(Beginning of DATA IN THIS EXERCISE)

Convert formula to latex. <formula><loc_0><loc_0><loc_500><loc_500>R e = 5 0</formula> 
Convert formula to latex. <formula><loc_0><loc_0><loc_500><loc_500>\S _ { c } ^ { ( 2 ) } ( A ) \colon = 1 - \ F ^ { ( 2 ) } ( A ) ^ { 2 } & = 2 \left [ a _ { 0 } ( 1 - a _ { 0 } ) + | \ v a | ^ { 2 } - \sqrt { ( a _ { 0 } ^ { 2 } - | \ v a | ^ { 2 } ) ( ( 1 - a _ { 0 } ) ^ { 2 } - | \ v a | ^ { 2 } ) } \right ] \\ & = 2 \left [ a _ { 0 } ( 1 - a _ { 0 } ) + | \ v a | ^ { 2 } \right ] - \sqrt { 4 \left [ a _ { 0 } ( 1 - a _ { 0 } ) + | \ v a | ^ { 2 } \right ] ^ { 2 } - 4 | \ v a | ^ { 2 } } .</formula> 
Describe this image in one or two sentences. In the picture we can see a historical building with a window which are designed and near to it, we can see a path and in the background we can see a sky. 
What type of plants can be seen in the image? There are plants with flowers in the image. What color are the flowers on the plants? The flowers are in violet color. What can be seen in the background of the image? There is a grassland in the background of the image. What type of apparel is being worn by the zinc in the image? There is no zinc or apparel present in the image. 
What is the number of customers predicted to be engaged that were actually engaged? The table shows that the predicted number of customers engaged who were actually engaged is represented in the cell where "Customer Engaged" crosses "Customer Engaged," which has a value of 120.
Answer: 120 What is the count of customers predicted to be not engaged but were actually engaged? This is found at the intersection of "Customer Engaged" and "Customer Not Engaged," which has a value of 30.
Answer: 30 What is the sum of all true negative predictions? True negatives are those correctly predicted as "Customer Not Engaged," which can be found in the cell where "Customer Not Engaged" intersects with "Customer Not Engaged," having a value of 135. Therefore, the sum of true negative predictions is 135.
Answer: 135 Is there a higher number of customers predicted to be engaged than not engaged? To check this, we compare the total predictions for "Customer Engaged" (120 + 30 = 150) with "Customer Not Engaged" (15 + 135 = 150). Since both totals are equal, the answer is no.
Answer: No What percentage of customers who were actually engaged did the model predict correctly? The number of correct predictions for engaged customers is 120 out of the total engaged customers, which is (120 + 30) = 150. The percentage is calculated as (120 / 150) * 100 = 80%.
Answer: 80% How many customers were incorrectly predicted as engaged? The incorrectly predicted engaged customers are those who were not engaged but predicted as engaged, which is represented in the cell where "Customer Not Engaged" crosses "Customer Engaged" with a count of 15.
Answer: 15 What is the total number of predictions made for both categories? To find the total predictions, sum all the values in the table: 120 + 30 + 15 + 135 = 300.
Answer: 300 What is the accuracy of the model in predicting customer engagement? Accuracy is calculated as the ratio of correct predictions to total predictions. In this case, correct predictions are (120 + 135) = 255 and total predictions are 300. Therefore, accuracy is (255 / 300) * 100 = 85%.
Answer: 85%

(End of DATA IN THIS EXERCISE)

Starting with the first line of the entries and ending with the line that has "Answer: 135 Is", copy each line exactly and add nothing.

Convert formula to latex. <formula><loc_0><loc_0><loc_500><loc_500>R e = 5 0</formula> 
Convert formula to latex. <formula><loc_0><loc_0><loc_500><loc_500>\S _ { c } ^ { ( 2 ) } ( A ) \colon = 1 - \ F ^ { ( 2 ) } ( A ) ^ { 2 } & = 2 \left [ a _ { 0 } ( 1 - a _ { 0 } ) + | \ v a | ^ { 2 } - \sqrt { ( a _ { 0 } ^ { 2 } - | \ v a | ^ { 2 } ) ( ( 1 - a _ { 0 } ) ^ { 2 } - | \ v a | ^ { 2 } ) } \right ] \\ & = 2 \left [ a _ { 0 } ( 1 - a _ { 0 } ) + | \ v a | ^ { 2 } \right ] - \sqrt { 4 \left [ a _ { 0 } ( 1 - a _ { 0 } ) + | \ v a | ^ { 2 } \right ] ^ { 2 } - 4 | \ v a | ^ { 2 } } .</formula> 
Describe this image in one or two sentences. In the picture we can see a historical building with a window which are designed and near to it, we can see a path and in the background we can see a sky. 
What type of plants can be seen in the image? There are plants with flowers in the image. What color are the flowers on the plants? The flowers are in violet color. What can be seen in the background of the image? There is a grassland in the background of the image. What type of apparel is being worn by the zinc in the image? There is no zinc or apparel present in the image. 
What is the number of customers predicted to be engaged that were actually engaged? The table shows that the predicted number of customers engaged who were actually engaged is represented in the cell where "Customer Engaged" crosses "Customer Engaged," which has a value of 120.
Answer: 120 What is the count of customers predicted to be not engaged but were actually engaged? This is found at the intersection of "Customer Engaged" and "Customer Not Engaged," which has a value of 30.
Answer: 30 What is the sum of all true negative predictions? True negatives are those correctly predicted as "Customer Not Engaged," which can be found in the cell where "Customer Not Engaged" intersects with "Customer Not Engaged," having a value of 135. Therefore, the sum of true negative predictions is 135.
Answer: 135 Is there a higher number of customers predicted to be engaged than not engaged? To check this, we compare the total predictions for "Customer Engaged" (120 + 30 = 150) with "Customer Not Engaged" (15 + 135 = 150). Since both totals are equal, the answer is no.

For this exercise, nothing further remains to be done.